Encoding Information and Directing Cell Fate Using Ras/Erk Signaling Dynamics

Abstract

The cells of developing and adult mammalian tissues are tasked with taking in information from their environment (e.g., growth cues, nutrients) and then using that information to make decisions about when and where to execute specific behaviors (e.g., proliferation, migration, differentiation). Hundreds of distinct cell surface receptors sense environmental inputs but, surprisingly, cells transmit this complex information from input to output using fewer than ten signal transduction pathways. This highlights an important question: how do cells accurately transmit complex information using so few ‘wires’? In this thesis, we examine one potential answer by studying cells’ ability to encode information in a language of time-varying or dynamic signaling activity. We focus on the Ras/Erk signaling network, an ideal system because of its pulsatile dynamics, its role as a central driver of proliferation, and the well-established suite of experimental tools for monitoring and controlling its dynamics.
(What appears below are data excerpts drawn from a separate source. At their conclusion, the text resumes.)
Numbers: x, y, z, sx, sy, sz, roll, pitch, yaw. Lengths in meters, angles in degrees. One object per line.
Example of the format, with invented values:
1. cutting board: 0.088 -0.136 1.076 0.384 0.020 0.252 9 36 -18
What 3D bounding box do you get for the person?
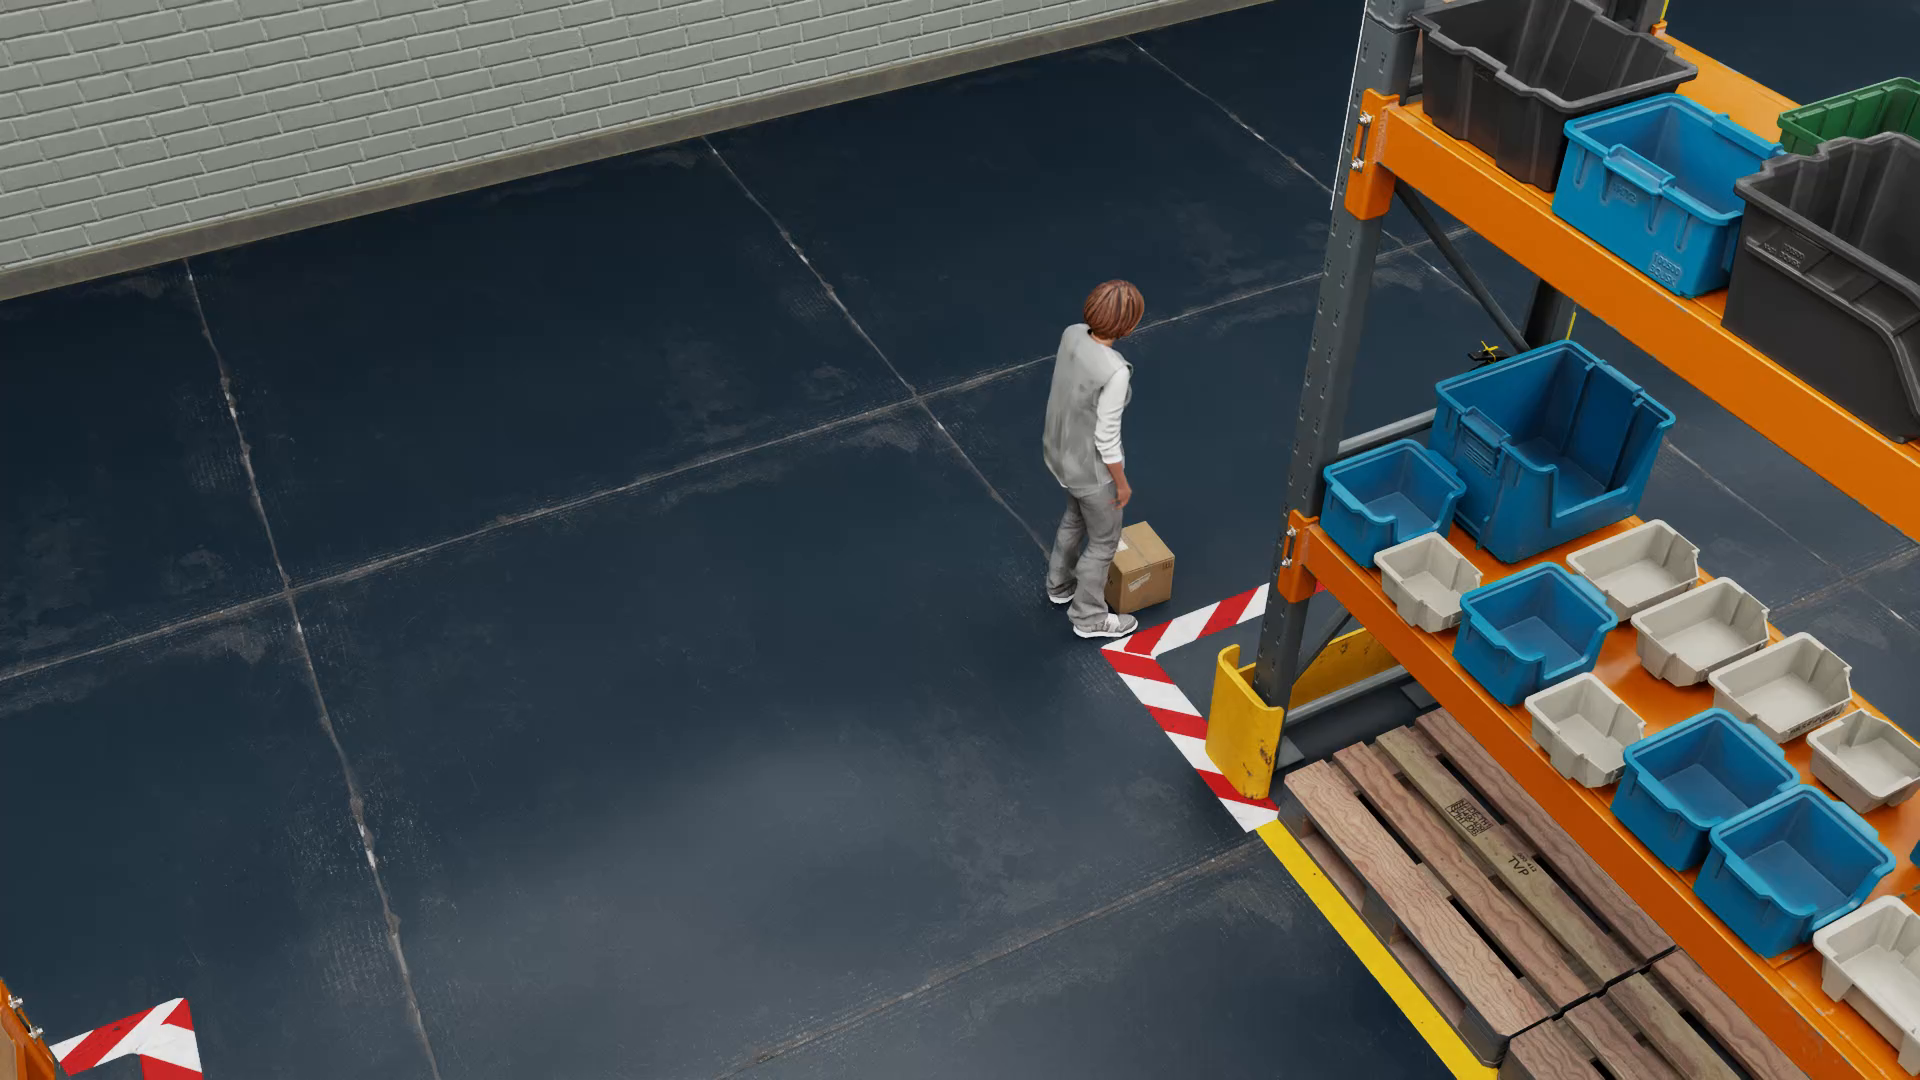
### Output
1. person: 0.525 -0.309 6.512 0.314 1.593 0.453 -16 44 -17

Can we define the types of ‘signals’ generated by the Ras/Erk pathway and causally map their effects on cellular outputs? Here we examine this question at three levels. First, in Chapter 2, we dissect one of the Ras/Erk-regulated processes that allows it to control proliferation using optogenetic and metabolomic approaches. We discovered that extended Ras activation enhances the rate of glucose metabolism by upregulating four key nodes in the glycolytic pathway, one or more of which is consistently upregulated in human cancers. Chapter 3 focuses on the signal transduction process, as we explore how dynamic Ras/Erk signals are regulated and interpreted into proliferative decisions. We performed a drug screen in primary mouse keratinocytes and found multiple distinct classes of drug-altered Erk dynamics. We then used optogenetic manipulation to show that cells make different proliferative decisions in response to each class of drug-altered dynamics. Finally, Chapter 4 zooms in further to focus on the Erk pulse generator itself, showing that pulses arise downstream of receptor-level processes. Our results provide fundamental insights into how pleiotropic signaling networks like Ras/Erk can use the dynamic activity of a single ‘wire’ to transmit information from upstream inputs into distinct cell fate outputs.

Collectively, this thesis draws in equal parts from classic molecular biology, engineering, biochemistry, and quantitative/systems biology to address fundamental scientific questions, from signal processing to emergent properties to cell fate control. We hope this work will inform and provide a framework for future quantitative studies of the ‘language’ of cell signaling.